This tendency is evident in Adina Bar-On's artistic practices in the current millennium, which resonate globally as she is invited to present works in international performance festivals and teach in art schools around the world. At the same time, Bar-On returns to accentuating the presence of her body as the central channel of meaning and experience in works such as Home of Course (2002), Disposition (2010) or In-Between (2018), which she performs in intimate venues or public spaces. In them, she continues to strive for the realization of the unmediated connection between her and the spectator, who is an observer and at times a participant, but first and foremost – "someone who takes part, who converses with" (Bar-On, 2001: 136); who takes a stand and reveals empathy – towards the performance, and also him/her-self.
A Woman Defying Definition: Form, Material, Landscape, Adina
The question of genre definition has accompanied Adina Bar-On's artistic path from the very beginning.
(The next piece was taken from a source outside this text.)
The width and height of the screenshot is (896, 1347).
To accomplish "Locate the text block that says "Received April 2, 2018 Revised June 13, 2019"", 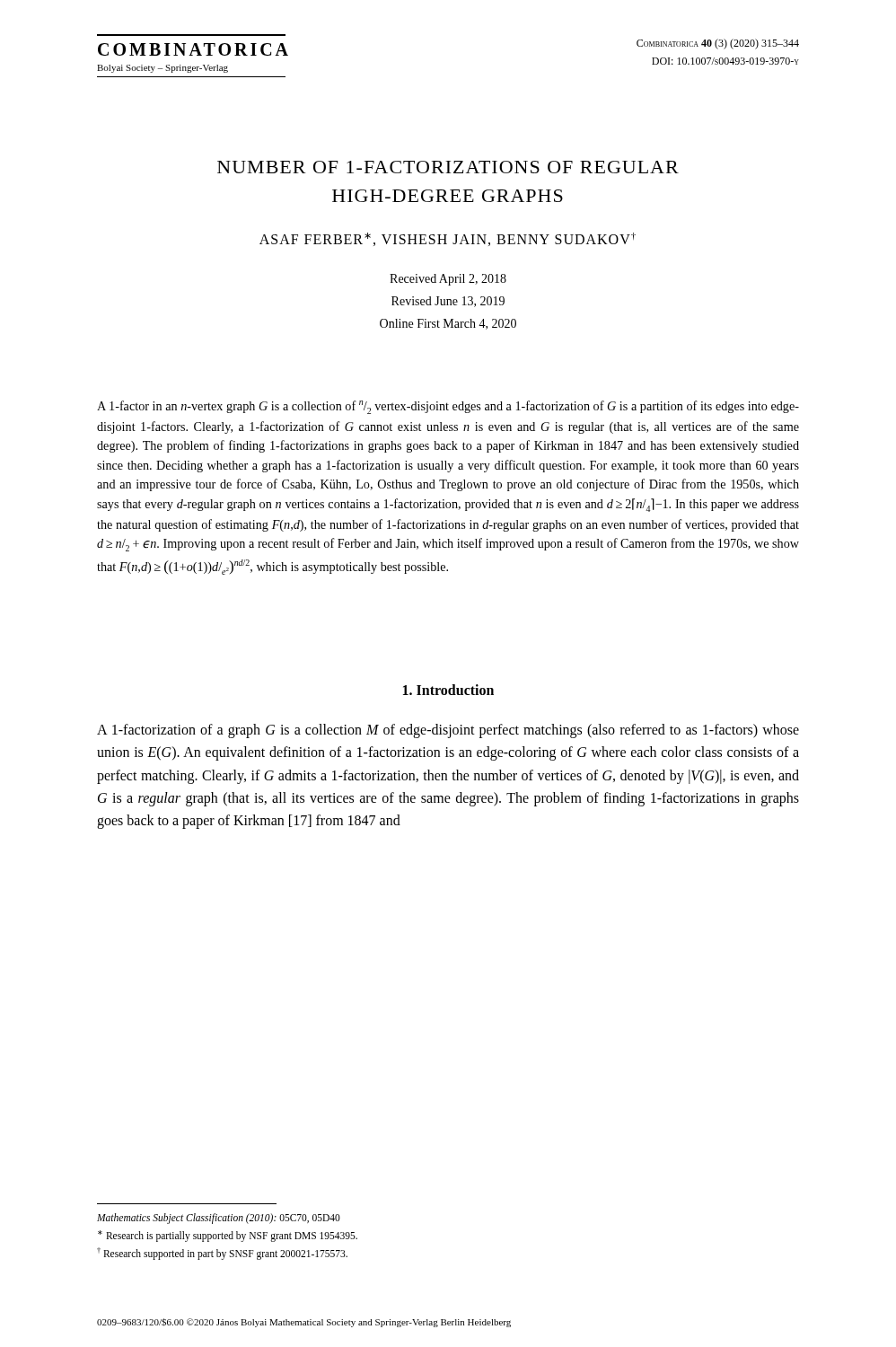I will tap(448, 302).
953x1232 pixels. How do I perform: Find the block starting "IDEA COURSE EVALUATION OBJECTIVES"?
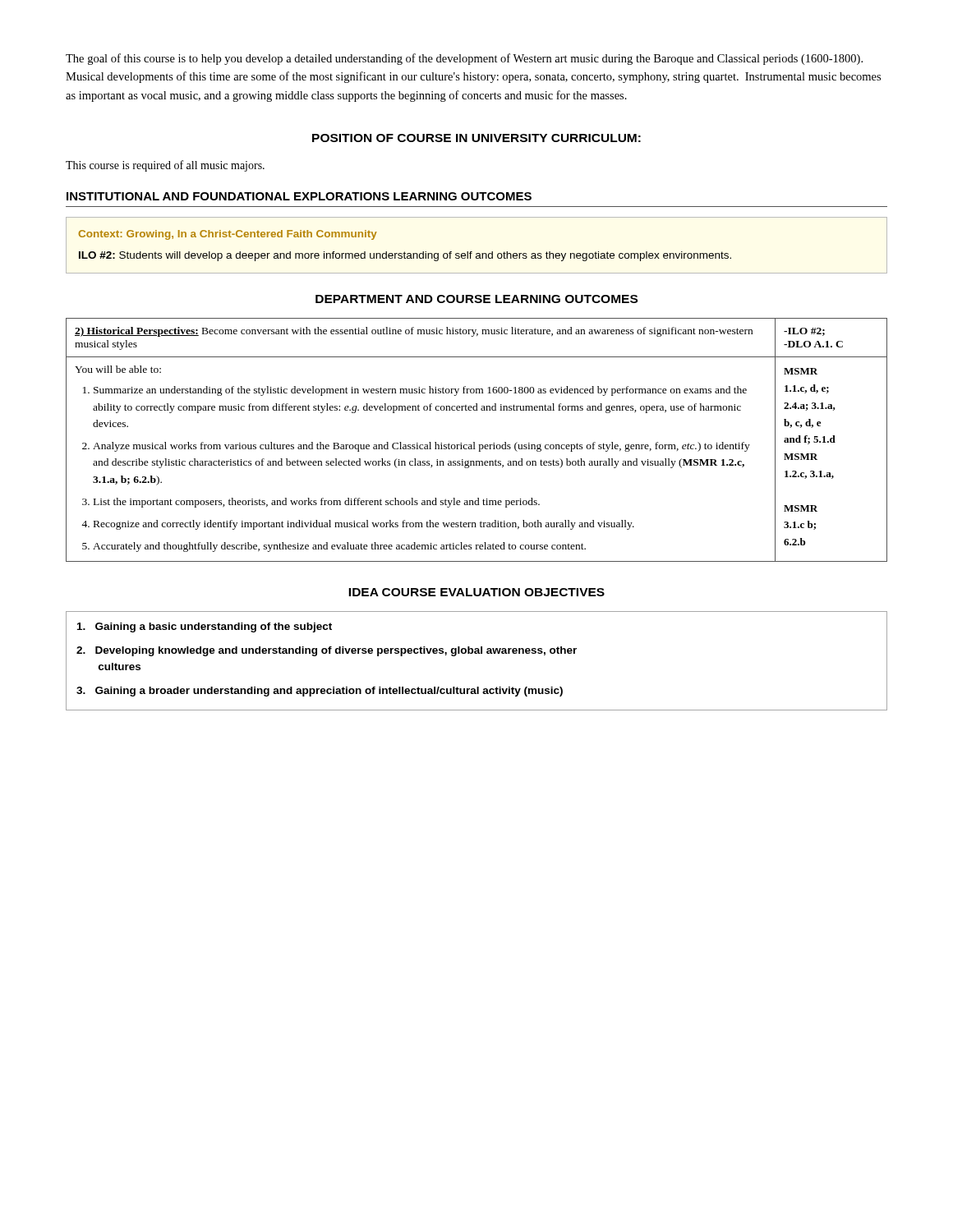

Impressions of her early works wondered "what does a Bezalel student have to do with theatre?" (Breitberg, 1976: 7, my translation) alongside attempts to understand a performance language that is "seemingly a Body art. But perhaps dance? And maybe pantomime?" (Fischer, 1976: 76). Even when Bar-On was already an established artist, her movement across the mediums received significant attention and was understood as a reflection of her conscious decision to locate herself outside the familiar and acceptable categories, but also as a feature that makes her works challenging for the spectator: "not acting / not discourse / not dance / and all three present in their absence […] a true avant-garde that transfigures differently every time […] Adina Bar-On, an artist that has created her unique language. Not yet understood to all, but true, honest" (Refaeli, 1987: no page, my translation).
In the beginning, it was clear that Bar-On herself is engaged in decoding the medium she had developed, as evident in her reply to Sarah Breitberg's question following the presentation of Bar-On's piece in the event "Works X 9 + A Performance" at Julie M. Gallery (1975). Bar-On said: "I have not found it a name. In the invitation I termed my art 'Visual Theater' but this is not accurate. Perhaps Theater-Situation-Image." (Bar-On in Breitberg, 1976: 7). However, her consistent tendency to be present between image and action, materiality and performativity, clearly resonated with the term 'meitzag', the Hebrew equivalent for 'performance art', coined by Gideon Ofrat as the definition for a genre that is based on "the assembling together of the term 'mutzag', which has plastic connotations that are linked to a visual artistic object […] and the term 'hatzaga', with all its action-based theatrical ramifications" (Ofrat, 1976: no page, my translation). Accordingly, as Bar-On's artistic language becomes more and more precise, her affinity to concepts from the developing theoretical-academic discourse of the performance field is pronounced more explicitly. For example, in the description of the project Walking on a Thin Line (1979), Bar-On defined the work as an 'autoperformance', and at the end of her text quoted the explanation provided by Michael Kirby in The Drama Review issue dedicated to this phenomenon: "a word we have coined to refer to presentations conceived and performed by the same person" (Kirby, 1979: 2).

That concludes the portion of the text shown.